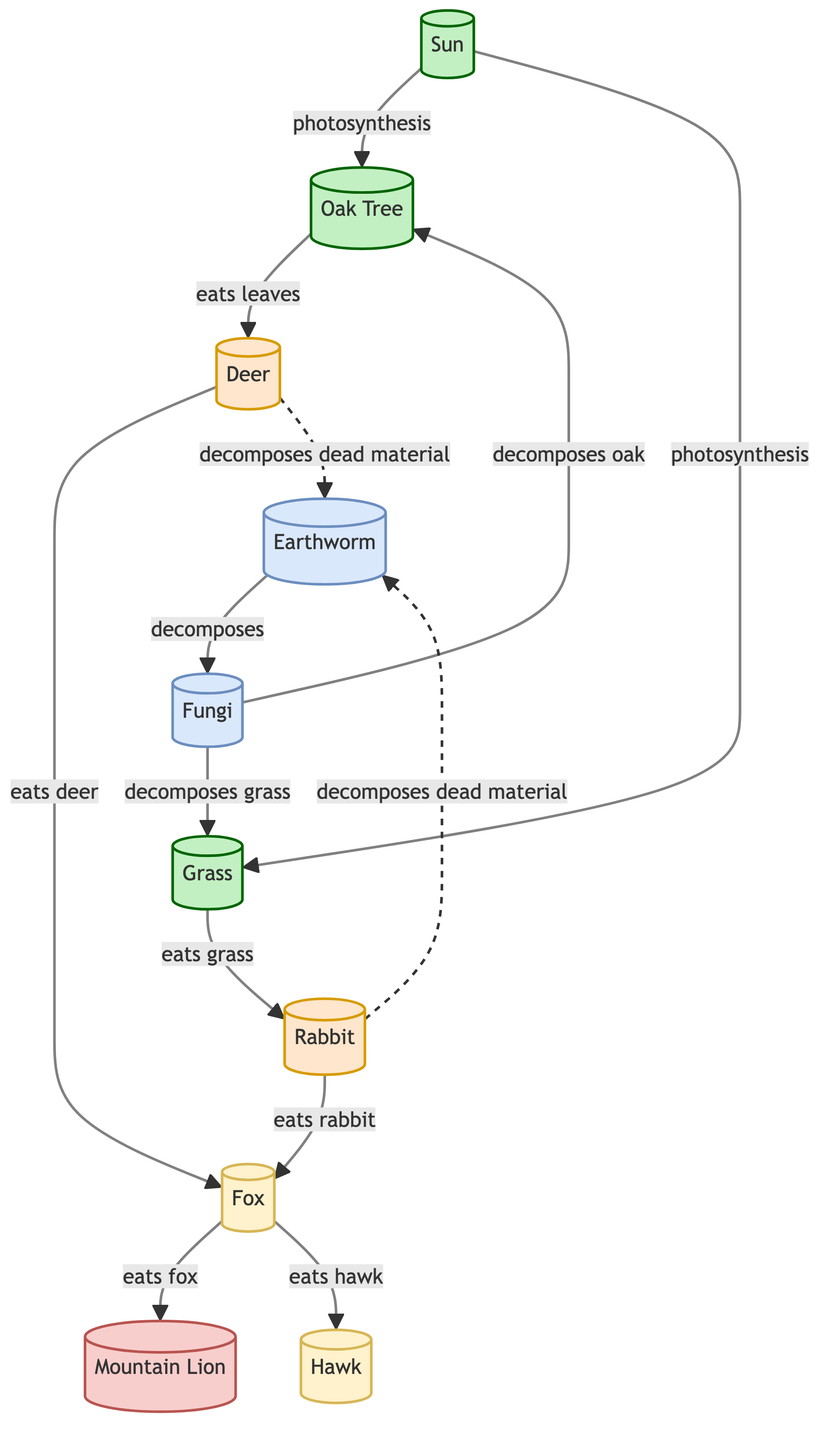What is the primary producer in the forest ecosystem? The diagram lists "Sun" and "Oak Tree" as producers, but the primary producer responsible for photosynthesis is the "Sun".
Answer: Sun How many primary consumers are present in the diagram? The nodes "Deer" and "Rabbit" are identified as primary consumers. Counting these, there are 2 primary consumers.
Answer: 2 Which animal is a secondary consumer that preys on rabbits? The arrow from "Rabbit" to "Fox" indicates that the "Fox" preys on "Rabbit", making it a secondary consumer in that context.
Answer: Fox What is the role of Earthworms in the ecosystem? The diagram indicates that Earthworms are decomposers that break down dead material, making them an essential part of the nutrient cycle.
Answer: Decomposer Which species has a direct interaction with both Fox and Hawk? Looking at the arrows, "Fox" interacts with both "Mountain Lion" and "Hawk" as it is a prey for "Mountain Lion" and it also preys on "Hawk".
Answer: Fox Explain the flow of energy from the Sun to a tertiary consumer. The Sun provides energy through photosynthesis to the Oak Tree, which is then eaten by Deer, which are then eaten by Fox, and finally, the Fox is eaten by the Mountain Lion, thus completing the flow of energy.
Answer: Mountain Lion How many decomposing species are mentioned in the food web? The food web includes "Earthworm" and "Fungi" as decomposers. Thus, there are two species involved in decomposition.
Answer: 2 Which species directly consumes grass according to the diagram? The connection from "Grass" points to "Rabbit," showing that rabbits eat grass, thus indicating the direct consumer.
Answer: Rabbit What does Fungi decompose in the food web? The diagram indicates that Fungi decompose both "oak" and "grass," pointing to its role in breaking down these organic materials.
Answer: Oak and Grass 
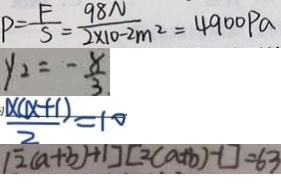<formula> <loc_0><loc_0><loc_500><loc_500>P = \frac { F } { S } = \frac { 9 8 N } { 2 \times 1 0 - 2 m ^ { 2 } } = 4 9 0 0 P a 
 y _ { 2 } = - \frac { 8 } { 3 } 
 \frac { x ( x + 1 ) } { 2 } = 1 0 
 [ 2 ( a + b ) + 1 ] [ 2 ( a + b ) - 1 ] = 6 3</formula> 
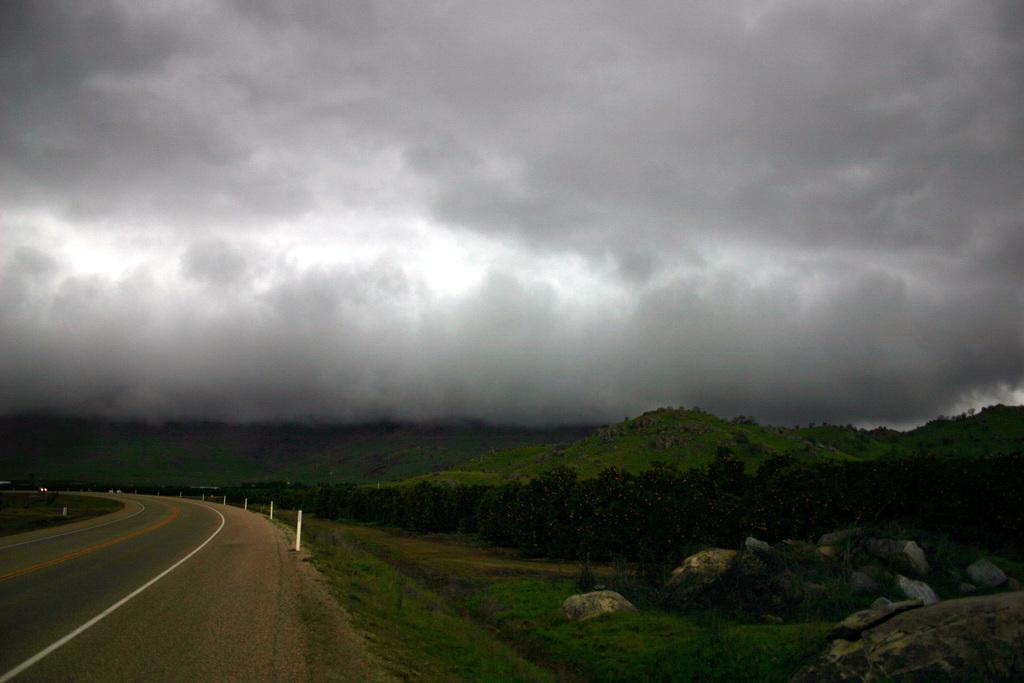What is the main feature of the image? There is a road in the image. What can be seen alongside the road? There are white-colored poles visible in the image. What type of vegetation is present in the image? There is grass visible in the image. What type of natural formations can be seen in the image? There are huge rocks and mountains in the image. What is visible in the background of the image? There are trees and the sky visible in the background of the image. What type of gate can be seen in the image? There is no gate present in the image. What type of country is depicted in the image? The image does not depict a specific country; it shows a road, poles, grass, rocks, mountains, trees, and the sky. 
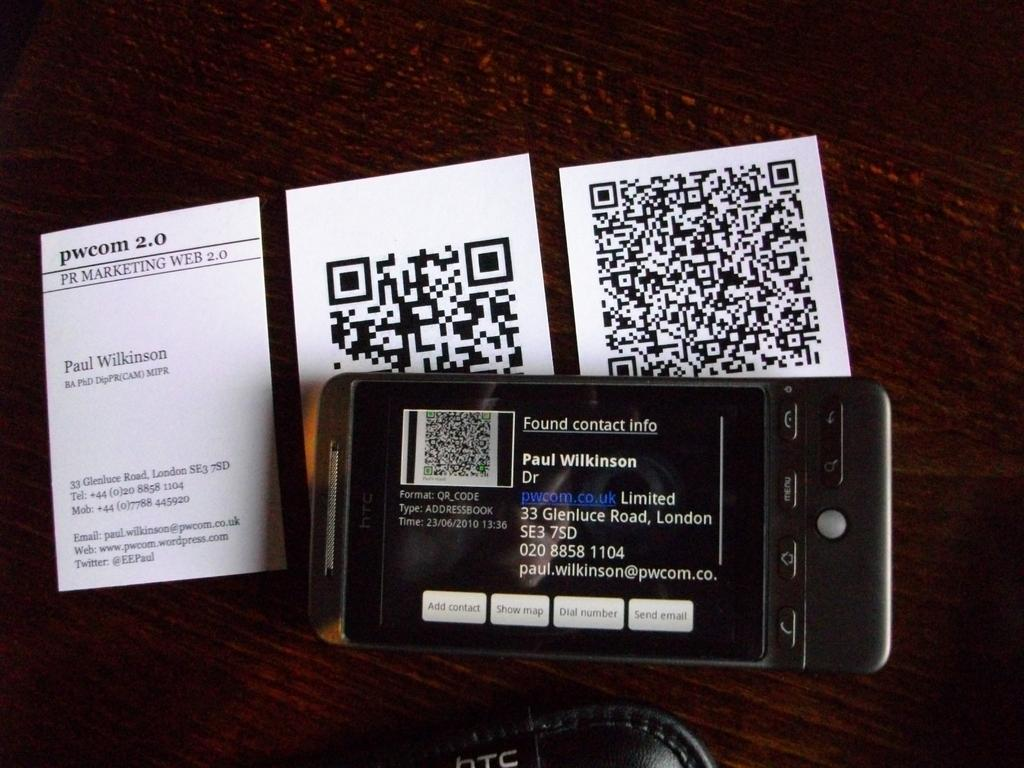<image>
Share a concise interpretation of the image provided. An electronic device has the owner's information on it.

|---|

PROBLEM TO WORK ON
Find each line holding the string "indicates" in the listing above, then copy it.

WRITTEN RESPONSE
Answer: 2 Which animal is a secondary consumer that preys on rabbits? The arrow from "Rabbit" to "Fox" indicates that the "Fox" preys on "Rabbit", making it a secondary consumer in that context.
Answer: Fox What is the role of Earthworms in the ecosystem? The diagram indicates that Earthworms are decomposers that break down dead material, making them an essential part of the nutrient cycle.
Answer: Rabbit What does Fungi decompose in the food web? The diagram indicates that Fungi decompose both "oak" and "grass," pointing to its role in breaking down these organic materials.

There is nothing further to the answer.